Since I am currently restructuring our tests, I noticed two things:

  1. It is great that is_point provides information why is returns false (if activated), but one could maybe even make it non failing?

My idea would be something like

Sure symbols are not the best choice here, let me know if you have a better idea how to distinguish both cases

  1. isapprox(M,p,q) and is approx(M,p,X,Y) are quite hard to read when they fail, so could we maybe extend those functions to act similar to is_point that is an error message can be activated that checks first whether it was atol or rtol which made the test fail and (similar to above) either errors or warns? This could be a last positional argument as well for both, I think.

I also started a discussion at https://discourse.julialang.org/t/isapprox-in-tests-and-a-more-precise-result-reason-for-failure/89648 – but then remembered, that we are defining our own isapproxes anyways, so with the M upfront we can add the new positional argument without “committing type piracy”.

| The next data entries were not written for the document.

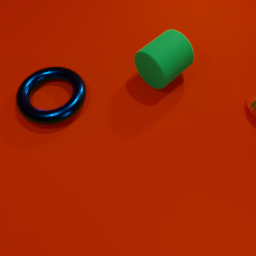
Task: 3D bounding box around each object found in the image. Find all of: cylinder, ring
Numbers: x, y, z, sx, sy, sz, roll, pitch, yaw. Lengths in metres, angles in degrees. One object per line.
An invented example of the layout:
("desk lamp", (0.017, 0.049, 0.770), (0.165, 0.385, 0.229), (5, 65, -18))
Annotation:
("cylinder", (1.008, -1.920, 7.870), (1.212, 1.212, 1.212), (-40, 68, -18))
("ring", (-2.124, -0.938, 7.767), (1.964, 0.393, 1.964), (-2, 58, 2))

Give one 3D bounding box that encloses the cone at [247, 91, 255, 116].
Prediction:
("cone", (3.930, -0.985, 7.245), (1.242, 1.247, 1.242), (2, 49, -2))
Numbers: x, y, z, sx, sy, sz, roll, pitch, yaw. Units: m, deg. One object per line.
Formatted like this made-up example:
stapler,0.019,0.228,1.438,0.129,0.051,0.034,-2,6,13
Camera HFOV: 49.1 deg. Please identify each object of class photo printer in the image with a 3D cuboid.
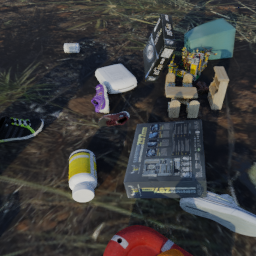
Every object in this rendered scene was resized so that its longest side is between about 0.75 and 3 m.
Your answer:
photo printer,-0.512,-2.230,12.830,1.449,0.605,1.741,-19,45,-22

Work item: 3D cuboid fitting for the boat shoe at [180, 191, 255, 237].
boat shoe,2.602,2.139,7.629,2.291,0.843,0.765,18,49,21

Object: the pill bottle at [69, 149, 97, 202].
pill bottle,-1.362,1.437,8.471,0.833,0.833,1.498,-6,41,-6

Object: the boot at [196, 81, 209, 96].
boot,3.202,-1.820,12.639,0.833,0.287,0.893,-7,38,-6

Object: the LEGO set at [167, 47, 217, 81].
LEGO set,3.050,-3.421,13.631,1.784,1.344,2.320,30,49,30

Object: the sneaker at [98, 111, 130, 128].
sneaker,-0.522,-0.257,10.021,1.203,0.455,0.695,-20,17,3

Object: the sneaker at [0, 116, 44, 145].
sneaker,-4.131,-0.018,10.073,2.181,0.903,0.782,-18,44,-19

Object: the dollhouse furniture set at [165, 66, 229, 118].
dollhouse furniture set,2.721,-1.630,11.475,2.295,1.494,2.109,2,41,2

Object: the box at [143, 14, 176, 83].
box,1.274,-3.318,11.884,0.492,2.262,1.812,6,62,-15

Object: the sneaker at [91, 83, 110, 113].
sneaker,-1.195,-1.278,11.663,0.709,0.686,1.700,-4,42,-10

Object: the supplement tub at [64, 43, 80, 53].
supplement tub,-3.082,-4.396,15.390,0.776,0.512,0.512,2,41,1

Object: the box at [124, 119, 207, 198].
box,1.223,0.867,8.739,2.265,0.733,2.872,-4,35,14

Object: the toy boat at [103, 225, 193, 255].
toy boat,0.771,3.094,5.767,2.874,1.879,1.876,26,47,27

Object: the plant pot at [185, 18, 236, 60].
plant pot,4.226,-4.570,14.881,2.235,1.578,1.579,-13,42,-2
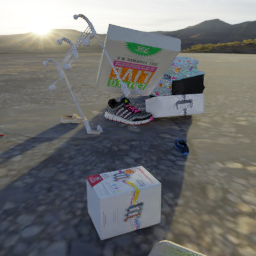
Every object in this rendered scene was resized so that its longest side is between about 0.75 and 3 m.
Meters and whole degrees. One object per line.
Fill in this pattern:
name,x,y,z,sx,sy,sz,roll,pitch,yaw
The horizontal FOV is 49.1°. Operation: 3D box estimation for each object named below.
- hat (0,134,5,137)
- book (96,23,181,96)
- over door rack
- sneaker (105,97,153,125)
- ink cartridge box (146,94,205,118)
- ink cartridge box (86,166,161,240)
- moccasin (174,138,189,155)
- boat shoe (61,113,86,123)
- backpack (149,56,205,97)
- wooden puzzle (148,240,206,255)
hat,-3.707,0.359,7.361,0.806,0.710,0.668,-45,41,-14
book,0.142,-1.803,8.088,1.862,0.670,2.787,8,-19,-9
over door rack,-1.085,-1.270,7.004,1.862,2.520,0.839,-40,-11,37
sneaker,-0.007,-0.592,9.101,1.755,0.767,0.647,11,21,30
ink cartridge box,1.526,-0.722,9.249,1.619,0.686,1.179,-4,3,-15
ink cartridge box,-0.066,1.075,4.202,0.953,0.689,0.692,-8,20,-22
moccasin,1.360,0.406,6.895,0.312,0.265,0.776,-4,19,-10
boat shoe,-1.767,-0.327,9.072,0.827,0.286,0.305,-4,19,-13
backpack,1.798,-2.128,12.115,2.156,1.880,2.453,-23,24,-39
wooden puzzle,0.662,1.881,2.211,2.049,0.412,2.215,11,22,29
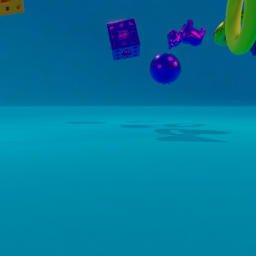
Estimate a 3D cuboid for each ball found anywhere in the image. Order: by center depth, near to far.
[{"bbox_3d":[1.126,-1.778,8.474,0.956,0.956,0.956,0,5,0],"label":"ball"}]

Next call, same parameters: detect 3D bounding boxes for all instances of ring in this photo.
[{"bbox_3d":[2.616,-2.607,6.415,0.359,1.794,1.794,0,5,4],"label":"ring"},{"bbox_3d":[3.468,-3.121,8.638,1.733,0.347,1.733,-19,-12,-4],"label":"ring"}]

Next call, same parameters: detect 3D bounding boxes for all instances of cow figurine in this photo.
[{"bbox_3d":[2.157,-3.362,10.503,1.350,1.328,0.741,26,-12,-11],"label":"cow figurine"}]

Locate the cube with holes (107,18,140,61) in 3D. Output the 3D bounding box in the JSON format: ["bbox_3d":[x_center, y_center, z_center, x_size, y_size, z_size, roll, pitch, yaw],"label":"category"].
[{"bbox_3d":[-0.151,-3.105,9.942,0.979,0.979,0.979,-12,-9,-1],"label":"cube with holes"}]

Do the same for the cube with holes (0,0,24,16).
[{"bbox_3d":[-3.613,-3.731,7.716,0.953,0.953,0.953,32,45,30],"label":"cube with holes"}]

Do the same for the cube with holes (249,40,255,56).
[{"bbox_3d":[3.155,-2.268,6.458,0.732,0.732,0.732,-15,-34,10],"label":"cube with holes"}]
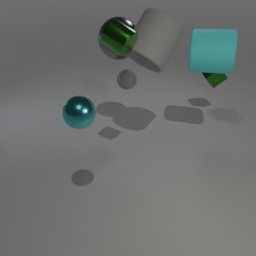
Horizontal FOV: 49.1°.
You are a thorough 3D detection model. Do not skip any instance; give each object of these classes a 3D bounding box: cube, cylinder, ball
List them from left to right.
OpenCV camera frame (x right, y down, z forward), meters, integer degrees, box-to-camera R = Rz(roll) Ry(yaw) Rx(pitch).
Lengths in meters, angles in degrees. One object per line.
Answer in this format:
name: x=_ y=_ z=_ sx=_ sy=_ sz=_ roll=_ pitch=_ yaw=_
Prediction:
ball: x=-1.018 y=-0.322 z=5.844 sx=0.700 sy=0.700 sz=0.700 roll=0 pitch=30 yaw=0
ball: x=-0.313 y=-3.018 z=9.488 sx=1.400 sy=1.400 sz=1.400 roll=0 pitch=30 yaw=0
cylinder: x=-0.220 y=-2.299 z=7.144 sx=0.700 sy=0.700 sz=0.700 roll=36 pitch=40 yaw=10
ball: x=-0.040 y=-1.704 z=9.857 sx=0.700 sy=0.700 sz=0.700 roll=0 pitch=30 yaw=0
cylinder: x=0.778 y=-2.667 z=8.622 sx=1.400 sy=1.400 sz=1.400 roll=30 pitch=1 yaw=0
cylinder: x=2.832 y=-2.558 z=9.360 sx=1.400 sy=1.400 sz=1.400 roll=7 pitch=31 yaw=16
cube: x=3.618 y=-2.262 z=11.809 sx=0.700 sy=0.700 sz=0.700 roll=-37 pitch=38 yaw=21

Let me know what you think.

mateuszbaran commented 1 year ago

I agree with your ideas, having the warn functionality in is_something functions could be useful. Also isapprox with error/warning options would be nice. And yes, we can freely extend functions that take the manifold with additional arguments.

kellertuer commented 1 year ago

Do you have a good idea what to put into the last positional argument to distinguish them? That was easy for error-throwing yes/no ;)

mateuszbaran commented 1 year ago

It can be just a symbol as in your example, that would be the easiest choice.

kellertuer commented 1 year ago

Ok, and then just with an if I suppose since it is really just:

if error_type == :error
...
else if error_type == :info
...
else
... # default true/false
end

ok that sounds good. For the is_point things I have to check a little when these cases fall back to existing ones. But since this is all layer 1 it should be doable quite generically I think.

mateuszbaran commented 1 year ago

Yes, something like that, except error_type === :error is better than error_type == :error (easier for the compiler to optimize).

kellertuer commented 1 year ago

ah yes, sure. Will do that next here, then (after my current PR).